Nunca le he visto la cara, no madruga, no tiene prisa por ver la luz de un día en el que la esperanza de nuevo, se desdibujará al caer el sol. Las escaleras de una antigua oficina bancaria, le bastan a esta persona para descansar cuando la noche llega. Esas son sus cuatro paredes, ese es el techo que lo cobija.
A su alrededor, paquetes de comida que la gente va dejando, cartones avejentados y mantas para sobrellevar las duras noches del invierno ourensano. Sus pertenencias se acumulan bajo una colcha a sus pies. Dos mochilas infantiles, situadas a su vera, hacen la imagen si cabe más dura.

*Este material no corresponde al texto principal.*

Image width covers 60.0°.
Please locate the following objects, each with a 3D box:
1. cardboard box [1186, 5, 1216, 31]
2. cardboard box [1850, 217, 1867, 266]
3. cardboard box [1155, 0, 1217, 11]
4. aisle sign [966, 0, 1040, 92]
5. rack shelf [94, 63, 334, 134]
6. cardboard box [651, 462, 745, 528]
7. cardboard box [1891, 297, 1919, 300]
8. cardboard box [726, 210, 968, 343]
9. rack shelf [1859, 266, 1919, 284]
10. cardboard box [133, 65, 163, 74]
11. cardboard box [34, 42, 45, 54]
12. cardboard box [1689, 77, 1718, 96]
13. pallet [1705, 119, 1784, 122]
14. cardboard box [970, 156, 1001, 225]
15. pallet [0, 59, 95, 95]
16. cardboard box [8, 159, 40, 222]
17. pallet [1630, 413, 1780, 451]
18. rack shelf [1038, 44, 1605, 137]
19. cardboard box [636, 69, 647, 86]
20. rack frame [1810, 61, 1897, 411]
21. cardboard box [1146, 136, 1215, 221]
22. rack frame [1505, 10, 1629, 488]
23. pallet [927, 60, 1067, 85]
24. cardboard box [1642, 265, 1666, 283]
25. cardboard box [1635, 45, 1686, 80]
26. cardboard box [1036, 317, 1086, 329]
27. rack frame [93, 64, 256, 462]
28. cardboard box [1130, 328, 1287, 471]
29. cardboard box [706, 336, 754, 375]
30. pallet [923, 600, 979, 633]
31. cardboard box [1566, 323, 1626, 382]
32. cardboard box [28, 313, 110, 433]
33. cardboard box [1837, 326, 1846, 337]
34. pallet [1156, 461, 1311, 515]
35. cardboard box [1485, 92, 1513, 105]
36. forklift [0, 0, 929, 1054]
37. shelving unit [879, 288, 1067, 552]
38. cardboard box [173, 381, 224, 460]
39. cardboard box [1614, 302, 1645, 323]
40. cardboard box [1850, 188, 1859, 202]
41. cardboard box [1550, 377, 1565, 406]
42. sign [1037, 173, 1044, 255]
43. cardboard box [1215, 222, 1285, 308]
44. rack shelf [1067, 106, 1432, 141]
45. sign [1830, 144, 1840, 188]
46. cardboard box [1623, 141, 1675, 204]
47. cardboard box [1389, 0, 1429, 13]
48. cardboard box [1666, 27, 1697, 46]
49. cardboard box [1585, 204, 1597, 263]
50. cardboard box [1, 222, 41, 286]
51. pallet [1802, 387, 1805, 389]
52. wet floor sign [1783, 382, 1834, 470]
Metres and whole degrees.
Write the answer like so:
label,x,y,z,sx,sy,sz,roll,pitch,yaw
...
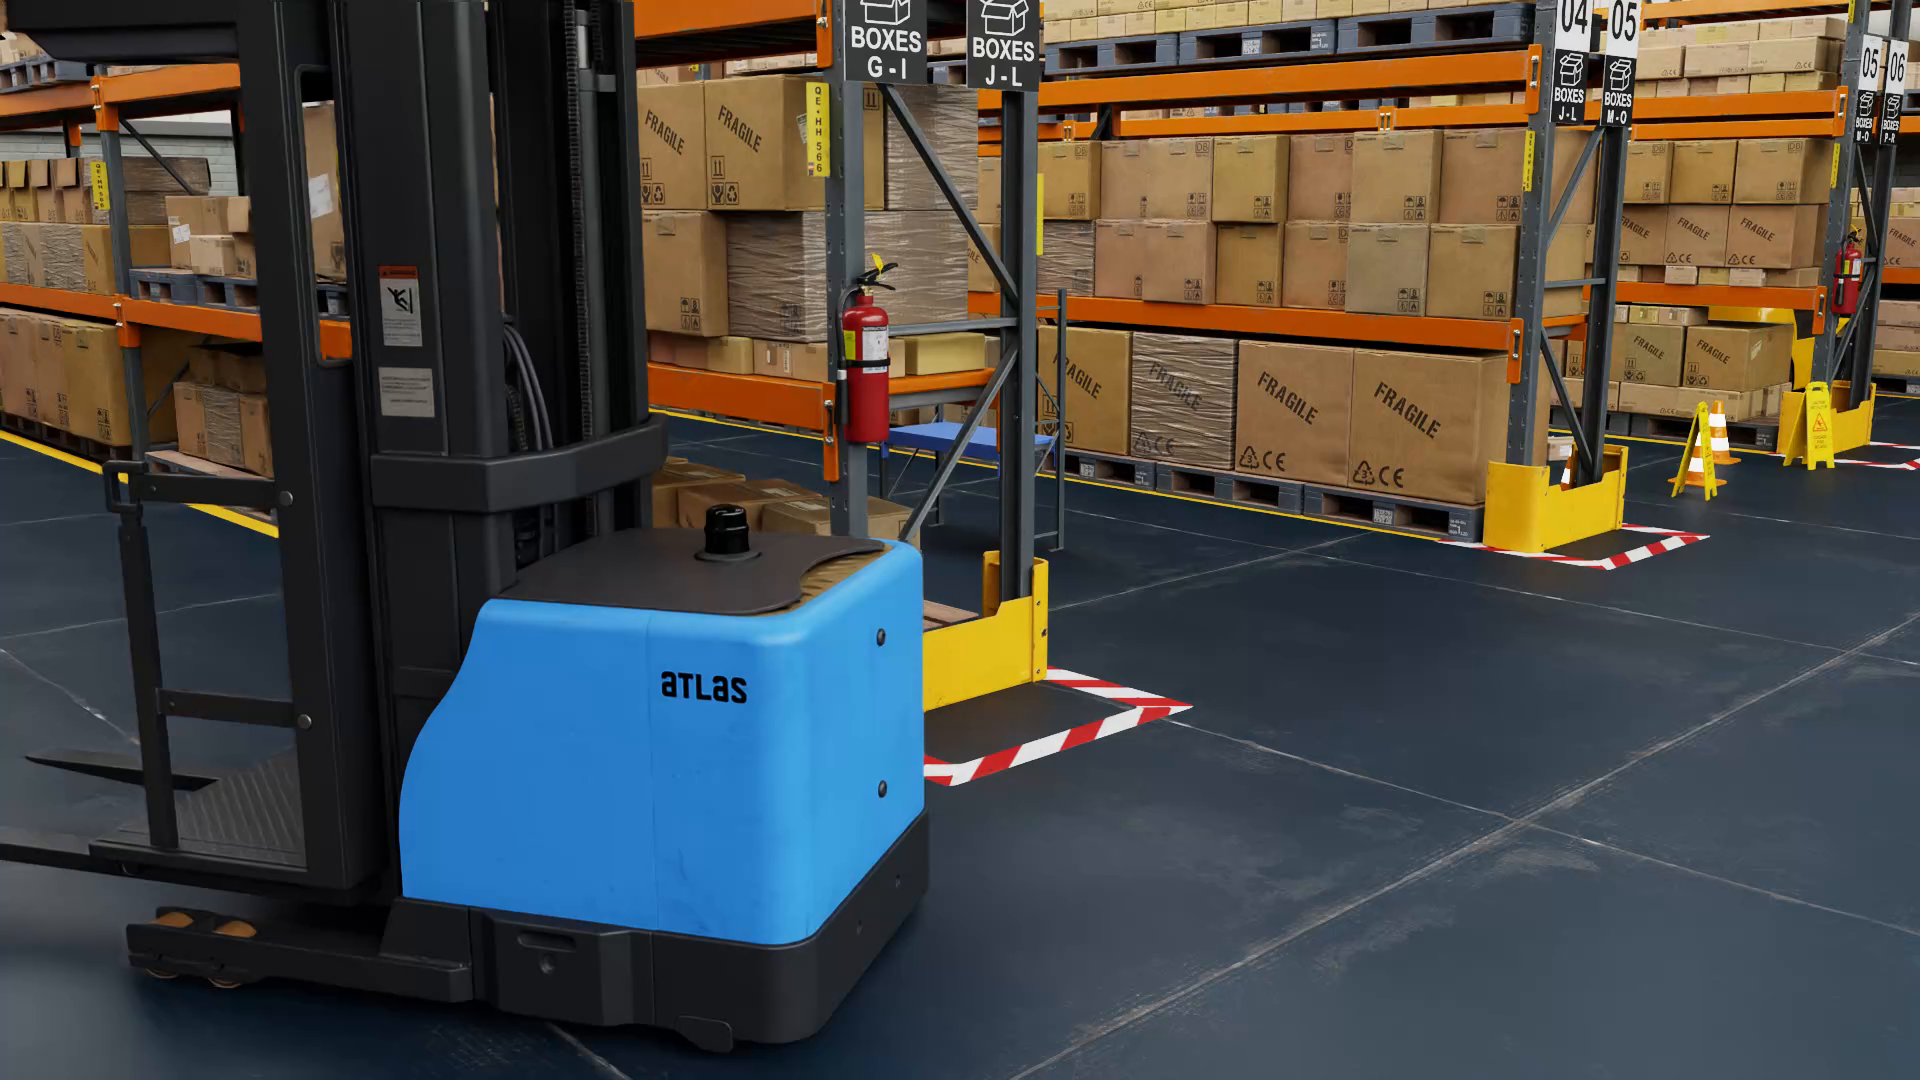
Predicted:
label,x,y,z,sx,sy,sz,roll,pitch,yaw
cardboard box,1.690,-3.395,10.859,0.380,0.149,0.250,-11,16,-43
cardboard box,9.428,-3.130,17.421,0.500,0.500,0.500,-11,16,-44
cardboard box,1.637,-3.619,10.958,0.500,0.250,0.500,-11,16,-43
aisle sign,0.168,-2.127,6.357,0.394,0.787,0.004,-11,16,-43
rack shelf,-4.235,-2.813,10.481,1.077,0.370,4.000,-11,16,-43
cardboard box,-1.367,-0.072,7.981,0.500,0.500,0.500,-9,15,-37
cardboard box,10.121,-2.411,17.478,0.500,0.250,0.500,-11,16,-42
cardboard box,-0.452,-1.099,6.829,0.875,0.500,0.500,-11,16,-43
rack shelf,9.282,-2.833,18.013,1.077,0.370,4.000,-11,16,-43
cardboard box,-5.122,-3.205,10.971,0.500,0.250,0.500,-10,16,-41
cardboard box,-6.749,-3.905,12.708,0.500,0.500,0.500,-10,15,-40
cardboard box,6.146,-3.682,13.540,0.380,0.149,0.250,-11,16,-42
pallet,8.509,-4.782,18.477,1.003,0.211,1.213,-11,16,-43
cardboard box,0.456,-2.691,12.814,0.700,0.500,0.500,-11,16,-44
pallet,-6.874,-3.614,13.054,1.003,0.211,1.213,-10,15,-40
cardboard box,-7.466,-2.918,13.909,0.797,0.503,0.637,-11,16,-42
pallet,6.488,-0.970,14.098,1.003,0.211,1.213,-11,16,-43
rack shelf,2.184,-2.906,10.930,1.077,0.370,4.000,-11,16,-43
cardboard box,-2.892,-4.302,15.676,0.500,0.500,0.500,-11,16,-43
rack frame,7.076,-2.202,13.163,1.000,3.000,0.127,-11,16,-43
cardboard box,1.771,-2.462,11.382,0.875,0.550,0.550,-11,16,-43
rack frame,3.566,-1.497,9.744,1.000,3.000,0.127,-11,16,-43
pallet,0.134,-3.583,12.910,1.217,0.209,0.805,11,16,43
cardboard box,5.971,-2.255,14.048,0.380,0.149,0.250,-11,16,-42
cardboard box,5.819,-3.929,13.748,0.500,0.250,0.500,-10,16,-41
cardboard box,1.134,-2.646,19.548,0.875,0.875,0.875,-11,16,-43
rack frame,-5.616,-1.988,12.128,1.000,3.000,0.127,-11,16,-43
cardboard box,1.812,-1.013,11.621,0.875,0.875,0.875,-11,16,-42
cardboard box,-0.820,-0.776,6.868,0.380,0.149,0.250,-11,16,-43
pallet,-0.680,0.411,7.395,1.003,0.211,1.213,-11,16,-43
cardboard box,5.628,-1.659,14.444,0.500,0.500,0.500,11,16,44
cardboard box,-6.688,-1.388,13.439,1.225,0.875,0.875,-11,16,-42
cardboard box,9.391,-2.172,17.555,0.500,0.250,0.500,-11,16,-44
pallet,2.118,-0.415,11.403,1.003,0.211,1.213,-11,16,-43
cardboard box,4.887,-3.943,14.805,0.380,0.149,0.250,-10,15,-41
forklift,-1.663,-0.375,4.470,3.031,2.935,1.130,3,12,16
shelving unit,0.059,-0.722,9.700,0.538,1.500,1.048,-11,16,-43
cardboard box,-5.139,-0.884,11.874,0.500,0.500,0.700,11,16,42
cardboard box,5.680,-1.946,14.231,0.380,0.149,0.250,-10,15,-40
cardboard box,9.310,-3.601,17.365,0.380,0.149,0.250,-10,16,-41
cardboard box,5.271,-1.367,14.887,0.500,0.250,0.500,-11,16,-43
sign,0.301,-1.320,6.740,0.100,0.325,0.005,-11,16,-43
cardboard box,2.189,-1.866,11.165,0.875,0.550,0.500,-11,16,-43
rack shelf,2.932,-4.194,17.184,1.077,0.370,4.000,-11,16,-43
sign,6.661,-2.849,12.654,0.100,0.325,0.005,-11,16,-43
cardboard box,5.794,-3.065,13.892,0.700,0.500,0.500,-11,16,-43
cardboard box,2.740,-3.173,9.781,0.380,0.149,0.250,-11,16,-42
cardboard box,5.987,-4.105,13.615,0.380,0.149,0.250,-11,16,-43
cardboard box,5.480,-2.661,14.408,0.500,0.500,0.500,-11,16,-42
cardboard box,-7.549,-2.373,13.746,0.500,0.500,0.500,11,16,44
pallet,9.267,-1.812,18.182,1.003,0.211,1.213,-11,16,-43
wet floor sign,6.433,-0.872,12.543,0.267,0.644,0.232,-5,13,-23

Una mujer detiene su camino, lo observa ¿Qué pensara? Otro lo mira mientras fuma su cigarro y otros: los más, desvían la mirada ante tan dura escena. ¿Nos hemos vuelto insensibles a estas imágenes? ¿La calle recoge a cada vez más gente que ven su futuro perdido en medio de una pandemia? ¿Hacemos lo que debemos como ciudadanos para que esto no suceda? ¿Las instituciones se implican a la hora de darles una solución?
No me atreví a molestarlo, he de reconocer que me daba miedo su reacción. ¿Cómo invadir su intimidad? A la vista de todos, en plena calle, pero es su intimidad.